B. Internal Forces for organizational changes
i. Changes in the managerial personnel: these changes include the retirement of
the old managers, transfer and promotion of mangers and replacement of old and static
managers by more versatile (having ability to adapt things) dynamic and young lots
(informational). So, a change in the managerial personnel is, thus, one reason to look
for organizational change.
ii. Certain deficiencies in the existing system: such as;
 Unmanageable span of control
 Lack of coordination between the departments
 Obstacles in communication
 Lack of uniformity in the policies (as you know policies are guidelines for decision
making);
 Contradiction of organizational procedures
 Non-cooperation between line and staff member, etc.

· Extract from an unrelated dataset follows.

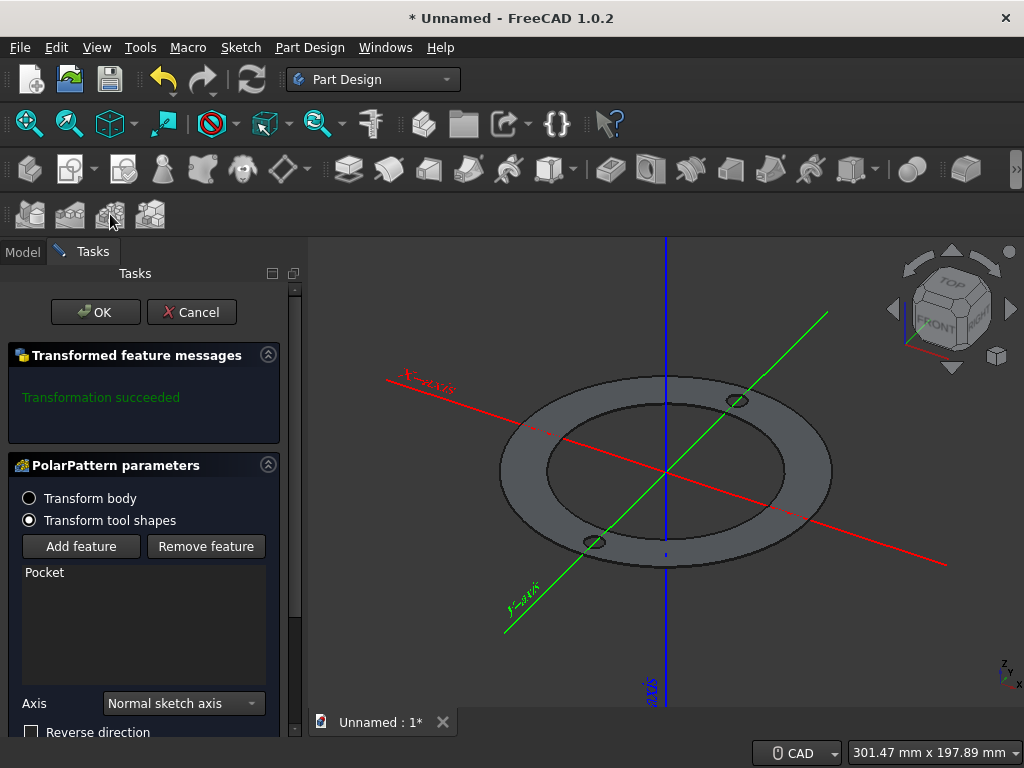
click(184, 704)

iii. Certain other forces: Changes in machinery, equipment, methods, and procedures,
working standard (work force), changes in authority and responsibility, and Employee
attitude.
3.3. Process of Organizational Change
To improve efficiency and effectiveness it is vital that mangers develop the skills
necessary to manage change effectively. Most people go from side to side four distinct
stages in the change process.

4
 1st Assessing the Need for Change: Change can affect organizational structure,
culture, strategies, controlling system, and way of managing. So, organizations should
assess the need for change properly. Assessing the need for change calls for two
important activities:
 Recognize that there are problems that require change. The real problem/s, not the
symptom.
 Identify the sources of the problem/s.
 2nd Decide On the Change to Make:
Decide what the organization’s ideal future would be. Decide where they would like
their organization to be in the future: decide what kinds of goods and services it should
be making, what its business-level strategy should be, how structure should be changed
and develop strategy.
What can change agents change? Change agents can change the options essentially fall
into different categories such as: structure, technology, physical setting, job roles and
people.
 Plan how to attain organization’s ideal future state.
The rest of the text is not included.